Yuan Bo, Raucci Maria Grazia, Fan Yujiang, Zhu Xiangdong, Yang Xiao, Zhang Xingdong, Santin Matteo, Ambrosio Luigi
National Engineering Research Center for Biomaterials, Sichuan University, Chengdu 610064, China.
J Mater Chem B. 2018 Dec 21;6(47):7974-7984. doi: 10.1039/c8tb02526f. Epub 2018 Nov 20.

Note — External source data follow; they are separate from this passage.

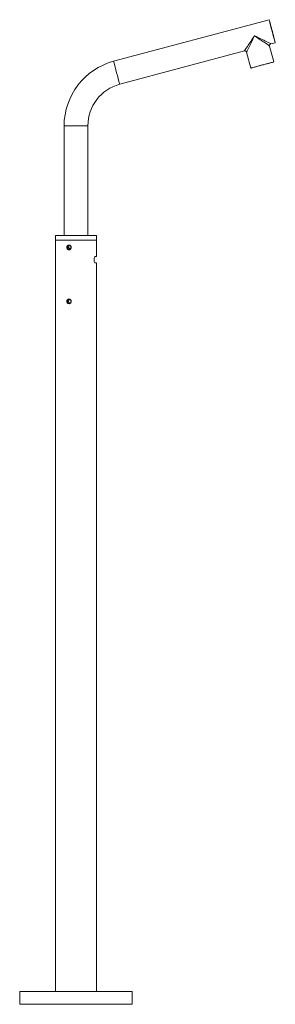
# Model space of a CAD drawing. Header units: millimetres. Extents: x 3651.98 to 3652.26, y 1700.79 to 1701.87.
import ezdxf

# ---------------------------------------------------------------- set-up
doc = ezdxf.new("R2010")
doc.units = ezdxf.units.MM
doc.layers.add('SANINDUSA', color=3, linetype='Continuous')

msp = doc.modelspace()

# ---------------------------------------------------------------- linework, layer by layer
at = {"layer": 'SANINDUSA', "linetype": 'Continuous', "lineweight": 15}
for p, q in [((3652.2493, 1701.8713), (3652.0793, 1701.8258)), ((3652.086, 1701.8007), (3652.2224, 1701.8372)), ((3652.2546, 1701.8251), (3652.2499, 1701.8425)), ((3652.2514, 1701.845), (3652.256, 1701.8462)), ((3652.2248, 1701.8358), (3652.2295, 1701.8184)), ((3652.0252, 1701.7553), (3652.0252, 1701.6353)), ((3652.0252, 1701.7553), (3652.0512, 1701.7553)), ((3652.0512, 1701.6353), (3652.0512, 1701.7553)), ((3652.0157, 1701.6353), (3652.0157, 1701.6303)), ((3652.0157, 1701.6353), (3652.0607, 1701.6353)), ((3652.0607, 1701.6303), (3652.0607, 1701.6353)), ((3652.0157, 1701.6303), (3652.0157, 1700.8085)), ((3652.0157, 1701.6303), (3652.0607, 1701.6303)), ((3652.0594, 1701.6303), (3652.0157, 1701.6303)), ((3652.0325, 1701.6213), (3652.0304, 1701.6213)), ((3652.0607, 1701.6303), (3652.0594, 1701.6303)), ((3652.0607, 1701.6123), (3652.0607, 1701.6303)), ((3652.0594, 1701.6123), (3652.0607, 1701.6123)), ((3652.0607, 1701.6053), (3652.0594, 1701.6053)), ((3652.0607, 1700.8085), (3652.0607, 1701.6053)), ((3651.9767, 1700.8085), (3651.9767, 1700.7945)), ((3651.9842, 1700.8085), (3651.9767, 1700.8085)), ((3652.0997, 1700.8085), (3651.9842, 1700.8085)), ((3652.0997, 1700.7945), (3652.0997, 1700.8085)), ((3651.9767, 1700.7945), (3652.0997, 1700.7945))]:
    msp.add_line(p, q, dxfattribs=at)
at = {"layer": 'SANINDUSA', "linetype": 'Continuous', "lineweight": 15, "flags": 128}
for points in [[(3652.2561, 1701.8465), (3652.2561, 1701.8466), (3652.2559, 1701.8472), (3652.2557, 1701.848), (3652.2554, 1701.8492), (3652.255, 1701.8507), (3652.2546, 1701.8524), (3652.2541, 1701.8542), (3652.2535, 1701.8562), (3652.253, 1701.8583), (3652.2524, 1701.8604), (3652.2519, 1701.8625), (3652.2513, 1701.8644), (3652.2509, 1701.8662), (3652.2504, 1701.8678), (3652.2501, 1701.8691), (3652.2498, 1701.8701), (3652.2496, 1701.8708), (3652.2495, 1701.8712), (3652.2495, 1701.8712), (3652.2496, 1701.8708), (3652.2498, 1701.8701), (3652.2501, 1701.8691), (3652.2504, 1701.8678), (3652.2508, 1701.8662), (3652.2513, 1701.8644), (3652.2518, 1701.8625), (3652.2524, 1701.8604), (3652.253, 1701.8583), (3652.2535, 1701.8562), (3652.254, 1701.8542), (3652.2545, 1701.8524), (3652.255, 1701.8507), (3652.2554, 1701.8492), (3652.2557, 1701.848), (3652.2559, 1701.8472), (3652.2561, 1701.8466), (3652.2561, 1701.8465)], [(3652.2295, 1701.8184), (3652.2297, 1701.8185), (3652.2302, 1701.8186), (3652.231, 1701.8188), (3652.2321, 1701.8191), (3652.2335, 1701.8195), (3652.2352, 1701.8199), (3652.237, 1701.8204), (3652.239, 1701.821), (3652.241, 1701.8215), (3652.2431, 1701.8221), (3652.2451, 1701.8226), (3652.2471, 1701.8231), (3652.2489, 1701.8236), (3652.2505, 1701.8241), (3652.2519, 1701.8244), (3652.2531, 1701.8247), (3652.2539, 1701.825), (3652.2544, 1701.8251), (3652.2546, 1701.8251)], [(3652.0594, 1701.6053), (3652.059, 1701.6055), (3652.0586, 1701.606), (3652.0582, 1701.6069), (3652.058, 1701.608), (3652.058, 1701.6092), (3652.0581, 1701.6103), (3652.0584, 1701.6112), (3652.0588, 1701.6119), (3652.0592, 1701.6123), (3652.0594, 1701.6123)]]:
    msp.add_lwpolyline(points, dxfattribs=at)
at = {"layer": 'SANINDUSA', "linetype": 'Continuous', "lineweight": 15}
for centre, radius, start, end in [((3658.1632, 1703.4425), 6.1191, 194.8783, 195.12175), ((3652.2229, 1701.8354), 0.00193, 14.5568, 105.4821), ((3652.2518, 1701.8431), 0.00192, 104.5422, 195.8555), ((3652.0982, 1701.7553), 0.073, 105, 180), ((3657.9895, 1703.396), 6.1152, 194.8782, 195.12181), ((3653.0173, 1698.9447), 2.9798, 104.8447, 105.3169), ((3652.0982, 1701.7553), 0.047, 104.9999, 180.0001), ((3652.0323, 1701.6223), 0.00216, 111.4576, 248.5405), ((3652.0323, 1701.5633), 0.00216, 111.4576, 248.5405)]:
    msp.add_arc(centre, radius, start, end, dxfattribs=at)
for major_axis, ratio, start_param, end_param in [((0.0111, 0.0164), 0.000467, 1.571112, 3.142132), ((0.0087, 0.0179), 0.000507, 1.571043, 3.141007), ((0.0179, -0.0087), 0.000247, 4.711882, 6.282901), ((0.0164, -0.0111), 0.000316, 4.711922, 6.28355)]:
    msp.add_ellipse((3652.2335, 1701.8537), major_axis=major_axis, ratio=ratio, start_param=start_param, end_param=end_param, dxfattribs=at)
for points, knots in [([(3652.0306, 1701.6197), (3652.0303, 1701.6198), (3652.0297, 1701.6198), (3652.0289, 1701.6204), (3652.0284, 1701.6211), (3652.0283, 1701.6218), (3652.0282, 1701.6223), (3652.0283, 1701.6228), (3652.0284, 1701.6234), (3652.0289, 1701.6241), (3652.0297, 1701.6247), (3652.0306, 1701.6249), (3652.0316, 1701.6247), (3652.0324, 1701.6241), (3652.0329, 1701.6234), (3652.0331, 1701.6228), (3652.0331, 1701.6223), (3652.0331, 1701.6218), (3652.0329, 1701.6211), (3652.0324, 1701.6204), (3652.0316, 1701.6198), (3652.031, 1701.6198), (3652.0306, 1701.6197)], [0, 0, 0, 0, 0.062997, 0.125691, 0.187884, 0.219146, 0.250021, 0.280827, 0.312133, 0.374263, 0.437008, 0.500157, 0.56314, 0.625751, 0.687915, 0.719196, 0.750073, 0.780904, 0.812241, 0.87442, 0.937046, 1, 1, 1, 1]), ([(3652.0308, 1701.6201), (3652.031, 1701.6202), (3652.0314, 1701.6202), (3652.0319, 1701.6204), (3652.0323, 1701.6207), (3652.0325, 1701.6211), (3652.0328, 1701.6216), (3652.0329, 1701.6223), (3652.0328, 1701.6229), (3652.0326, 1701.6234), (3652.0323, 1701.6238), (3652.0319, 1701.6241), (3652.0314, 1701.6244), (3652.0308, 1701.6245), (3652.0302, 1701.6244), (3652.0297, 1701.6241), (3652.0294, 1701.6238), (3652.0291, 1701.6234), (3652.0289, 1701.6229), (3652.0288, 1701.6223), (3652.0289, 1701.6216), (3652.0291, 1701.6211), (3652.0294, 1701.6207), (3652.0297, 1701.6204), (3652.0302, 1701.6202), (3652.0306, 1701.6202), (3652.0308, 1701.6201)], [0, 0, 0, 0, 0.054591, 0.087803, 0.124895, 0.162126, 0.195407, 0.249922, 0.304441, 0.337707, 0.374921, 0.412042, 0.445264, 0.499826, 0.554597, 0.587892, 0.625062, 0.662252, 0.695494, 0.749969, 0.804477, 0.837756, 0.874982, 0.912113, 0.945358, 1, 1, 1, 1]), ([(3652.0306, 1701.5607), (3652.0303, 1701.5608), (3652.0297, 1701.5609), (3652.0289, 1701.5614), (3652.0284, 1701.5621), (3652.0283, 1701.5628), (3652.0282, 1701.5633), (3652.0283, 1701.5638), (3652.0284, 1701.5644), (3652.0289, 1701.5651), (3652.0297, 1701.5657), (3652.0306, 1701.5659), (3652.0316, 1701.5657), (3652.0324, 1701.5651), (3652.0329, 1701.5644), (3652.0331, 1701.5638), (3652.0331, 1701.5633), (3652.0331, 1701.5628), (3652.0329, 1701.5621), (3652.0324, 1701.5614), (3652.0316, 1701.5609), (3652.031, 1701.5608), (3652.0306, 1701.5607)], [0, 0, 0, 0, 0.062997, 0.125689, 0.187883, 0.219148, 0.250019, 0.280825, 0.312134, 0.374262, 0.437007, 0.500157, 0.56314, 0.625749, 0.687913, 0.719198, 0.750071, 0.780906, 0.81224, 0.874422, 0.937046, 1, 1, 1, 1]), ([(3652.0308, 1701.5611), (3652.031, 1701.5612), (3652.0314, 1701.5612), (3652.0319, 1701.5614), (3652.0323, 1701.5617), (3652.0325, 1701.5621), (3652.0328, 1701.5626), (3652.0329, 1701.5633), (3652.0328, 1701.5639), (3652.0326, 1701.5644), (3652.0323, 1701.5648), (3652.0319, 1701.5651), (3652.0314, 1701.5654), (3652.0308, 1701.5655), (3652.0302, 1701.5654), (3652.0297, 1701.5651), (3652.0294, 1701.5648), (3652.0291, 1701.5644), (3652.0289, 1701.5639), (3652.0288, 1701.5633), (3652.0289, 1701.5626), (3652.0291, 1701.5621), (3652.0294, 1701.5617), (3652.0297, 1701.5614), (3652.0302, 1701.5612), (3652.0306, 1701.5612), (3652.0308, 1701.5611)], [0, 0, 0, 0, 0.054591, 0.087803, 0.124895, 0.162126, 0.195407, 0.249922, 0.304441, 0.337711, 0.374921, 0.412043, 0.445267, 0.499827, 0.554598, 0.587893, 0.625063, 0.66225, 0.695496, 0.74997, 0.804478, 0.837753, 0.874983, 0.912112, 0.945358, 1, 1, 1, 1])]:
    msp.add_open_spline(points, degree=3, knots=knots, dxfattribs=at)

doc.saveas('drawing.dxf')

The control of the inflammatory response induced by the implantation of foreign biomaterials is fundamental in determining tissue healing. It has been shown that the activation of specific macrophage pathways upon contact with a biomaterial can lead either to a chronic inflammation preventing a physiological tissue repair or to an improved tissue healing. In the case of bone repair, calcium phosphate cements with good osteoconductivity properties have been successfully applied in bone defect filling and repair, but poor handling properties, insufficient viscous flow and unmatched degradation rate are still problems that remain unsolved. In this study, a strontium-doped hydroxyapatite (HA) gel was modified by integrating branched poly(epsilon-lysine) dendrons with third-generation branches exposing phosphoserine (SrHA/G3-K PS). The interaction of this material with macrophages was investigated in vitro, focusing on the secretion and gene expression of specific pro-inflammatory cytokines. Our results showed that the addition of strontium and G3-K PS to HA sol-gel could down-regulate the gene expression of inflammatory factors such as IL-1β, TNF-α and MCP-1, while increasing the gene expression of IL-6, a cytokine known for its osteogenic effect. These results were further confirmed by ELISA test of the respective protein concentrations. When exposed to supernatants of macrophage culture in the presence of strontium and G3-K PS, osteoblast viability was promoted with elevated osteogenic gene markers, in terms of OPG, ALP, OCN and COL-I. In vivo implantation experiments using an osteoporotic rat model with bone defect further confirmed that the addition of G3-K PS to HA could dramatically promote new bone regeneration. Although the introduction of strontium improved the degradation properties of the injectable materials, no positive effect on promoting in vivo bone regeneration was observed.
控制由植入外来生物材料引起的炎症反应是决定组织愈合的关键。研究表明,生物材料与巨噬细胞接触后特定巨噬细胞途径的激活,要么导致慢性炎症从而阻碍生理性组织修复,要么促进组织愈合。在骨修复方面,具有良好骨传导性能的磷酸钙骨水泥已成功应用于骨缺损填充和修复,但操作性能差、粘性流动不足以及降解速率不匹配等问题仍未解决。在本研究中,通过将带有暴露磷酸丝氨酸的第三代分支的支化聚(ε-赖氨酸)树枝状分子整合到锶掺杂羟基磷灰石(HA)凝胶中,对其进行了改性(SrHA/G3-K PS)。在体外研究了这种材料与巨噬细胞的相互作用,重点关注特定促炎细胞因子的分泌和基因表达。我们的结果表明,向HA溶胶-凝胶中添加锶和G3-K PS可以下调炎症因子如IL-1β、TNF-α和MCP-1的基因表达,同时增加IL-6的基因表达,IL-6是一种以其成骨作用而闻名的细胞因子。相应蛋白质浓度的ELISA测试进一步证实了这些结果。当在锶和G3-K PS存在的情况下暴露于巨噬细胞培养上清液时,成骨细胞活力得到促进,成骨基因标志物OPG、ALP、OCN和COL-I水平升高。使用骨质疏松性骨缺损大鼠模型进行的体内植入实验进一步证实,向HA中添加G3-K PS可以显著促进新骨再生。虽然锶的引入改善了可注射材料的降解性能,但未观察到对促进体内骨再生的积极作用。